Hasil evaluasi menunjukkan bahwa 91,4% peserta menyatakan pelatihan ini sangat bermanfaat bagi pengembangan profesionalisme mereka. Lebih dari 90% menilai fasilitator (Prof. Dr. Firdaus L.N., M.Si., CETP®) menyampaikan materi dengan inspiratif, dan 84,3% guru merasa termotivasi menerapkan growth mindset di kelas. Hampir seluruh peserta sepakat bahwa pelatihan ini mendorong perubahan cara pandang dan perilaku guru terhadap pembelajaran.
“Pelatihan ini membuka pola pikir saya bahwa setiap siswa bisa berkembang jika diberi kesempatan,” tulis salah satu peserta dalam survei.
Kegiatan ini juga menghadirkan suasana belajar yang aktif dan reflektif.

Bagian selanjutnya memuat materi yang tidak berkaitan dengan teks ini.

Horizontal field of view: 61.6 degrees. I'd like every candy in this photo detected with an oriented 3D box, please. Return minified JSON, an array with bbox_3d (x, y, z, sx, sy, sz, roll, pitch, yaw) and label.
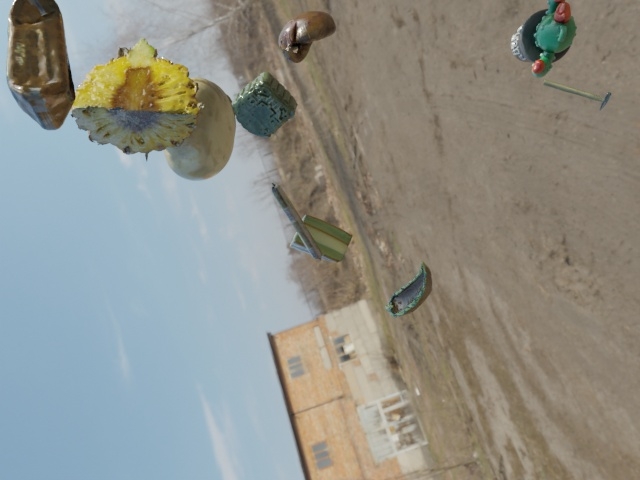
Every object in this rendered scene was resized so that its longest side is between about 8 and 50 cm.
[{"bbox_3d":[-0.503,-0.350,0.965,0.143,0.101,0.272,135,129,-71],"label":"candy"}]

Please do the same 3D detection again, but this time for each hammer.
[{"bbox_3d":[0.792,-0.460,1.671,0.013,0.198,0.063,-54,-20,-40],"label":"hammer"}]

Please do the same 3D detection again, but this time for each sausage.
[{"bbox_3d":[-0.066,-0.051,1.525,0.269,0.032,0.033,58,-176,-16],"label":"sausage"}]

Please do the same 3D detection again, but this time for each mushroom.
[{"bbox_3d":[-0.040,-0.467,1.220,0.080,0.135,0.171,53,-131,-27],"label":"mushroom"},{"bbox_3d":[-0.436,-0.348,1.672,0.314,0.335,0.315,10,-90,-77],"label":"mushroom"}]

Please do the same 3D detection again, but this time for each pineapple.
[{"bbox_3d":[-0.486,-0.389,1.491,0.209,0.343,0.287,104,164,-57],"label":"pineapple"}]

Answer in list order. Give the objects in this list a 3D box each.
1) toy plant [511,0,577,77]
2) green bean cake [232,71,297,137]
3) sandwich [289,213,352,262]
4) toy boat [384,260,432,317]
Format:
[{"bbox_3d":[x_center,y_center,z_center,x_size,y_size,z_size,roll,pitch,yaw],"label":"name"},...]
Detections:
[{"bbox_3d":[0.790,-0.705,1.875,0.185,0.280,0.400,31,-167,-4],"label":"toy plant"},{"bbox_3d":[-0.233,-0.551,2.226,0.222,0.227,0.125,39,-144,-28],"label":"green bean cake"},{"bbox_3d":[0.000,0.000,1.841,0.144,0.187,0.117,110,-176,-82],"label":"sandwich"},{"bbox_3d":[0.328,0.173,1.875,0.293,0.099,0.109,119,161,-46],"label":"toy boat"}]

Guru-guru diajak mengidentifikasi perilaku yang mencerminkan fixed mindset, lalu mengubahnya menjadi perilaku growth mindset, seperti memberi umpan balik positif, mendorong usaha, dan merayakan proses belajar.
Banyak peserta menyebut bagian studi kasus dan refleksi diri sebagai sesi paling berkesan. Mereka merasa pelatihan ini bukan hanya “mengajar” tetapi “menyentuh.”

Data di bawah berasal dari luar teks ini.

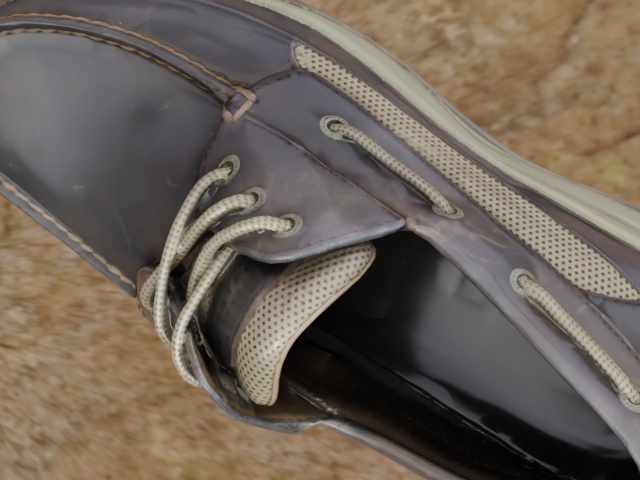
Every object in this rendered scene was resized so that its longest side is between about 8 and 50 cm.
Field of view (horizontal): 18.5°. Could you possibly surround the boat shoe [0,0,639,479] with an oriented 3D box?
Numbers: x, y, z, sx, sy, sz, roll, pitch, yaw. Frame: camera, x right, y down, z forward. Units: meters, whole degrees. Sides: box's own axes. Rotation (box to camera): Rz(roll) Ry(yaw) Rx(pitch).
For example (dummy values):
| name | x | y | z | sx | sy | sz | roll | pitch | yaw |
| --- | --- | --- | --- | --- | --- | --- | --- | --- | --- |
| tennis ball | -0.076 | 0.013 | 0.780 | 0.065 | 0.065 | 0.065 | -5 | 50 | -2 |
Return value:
| name | x | y | z | sx | sy | sz | roll | pitch | yaw |
| --- | --- | --- | --- | --- | --- | --- | --- | --- | --- |
| boat shoe | 0.000 | 0.000 | 0.752 | 0.355 | 0.130 | 0.132 | 24 | 117 | 12 |

“Saya menyadari bahwa perubahan cara berpikir guru adalah kunci menciptakan pembelajaran yang berpusat pada siswa,” ungkap seorang guru.

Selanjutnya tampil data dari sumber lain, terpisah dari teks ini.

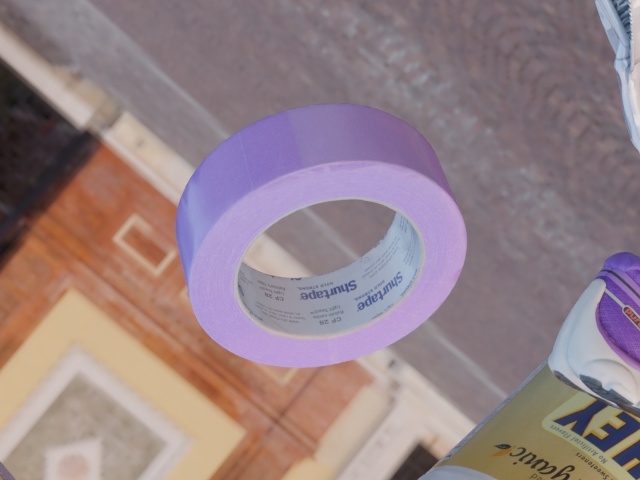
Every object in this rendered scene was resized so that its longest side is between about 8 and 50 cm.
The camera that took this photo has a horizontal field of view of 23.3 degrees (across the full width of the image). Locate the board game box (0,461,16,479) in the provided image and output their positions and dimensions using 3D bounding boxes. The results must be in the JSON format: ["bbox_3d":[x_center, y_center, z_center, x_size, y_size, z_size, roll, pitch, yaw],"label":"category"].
[{"bbox_3d":[-0.283,0.123,0.548,0.302,0.308,0.086,51,173,-6],"label":"board game box"}]

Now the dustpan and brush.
[{"bbox_3d":[0.221,-0.153,1.119,0.211,0.060,0.147,61,-172,-22],"label":"dustpan and brush"}]

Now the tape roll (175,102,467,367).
[{"bbox_3d":[0.000,0.000,1.519,0.275,0.274,0.090,46,-161,-42],"label":"tape roll"}]

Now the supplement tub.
[{"bbox_3d":[0.202,0.222,1.202,0.228,0.316,0.228,37,150,25],"label":"supplement tub"}]

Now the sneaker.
[{"bbox_3d":[0.176,0.057,0.647,0.170,0.071,0.068,27,176,-27],"label":"sneaker"}]

Selain memberikan motivasi, pelatihan ini juga menumbuhkan kepercayaan diri guru. Hasil survei menunjukkan 64,3% peserta merasa lebih siap menghadapi siswa yang mengalami kesulitan belajar, dan 73,9% menyatakan siap mengajak rekan sejawat menerapkan growth mindset di sekolah.
Pelatihan ini juga mengajarkan bahwa perubahan tidak selalu datang dari kebijakan besar, tetapi dari kesadaran kecil di ruang kelas. Beberapa guru menyebut mereka akan mulai menggunakan kalimat “belum bisa” alih-alih “tidak bisa,” memberi apresiasi pada proses belajar siswa, dan menciptakan lingkungan kelas yang mendukung kegigihan.
Mayoritas peserta berharap pelatihan seperti ini dilaksanakan secara berkelanjutan. Beberapa masukan mencakup perpanjangan waktu, penambahan sesi praktik, dan penyediaan media bantu seperti papan tulis. Saran ini mencerminkan semangat guru Bengkalis yang ingin terus belajar.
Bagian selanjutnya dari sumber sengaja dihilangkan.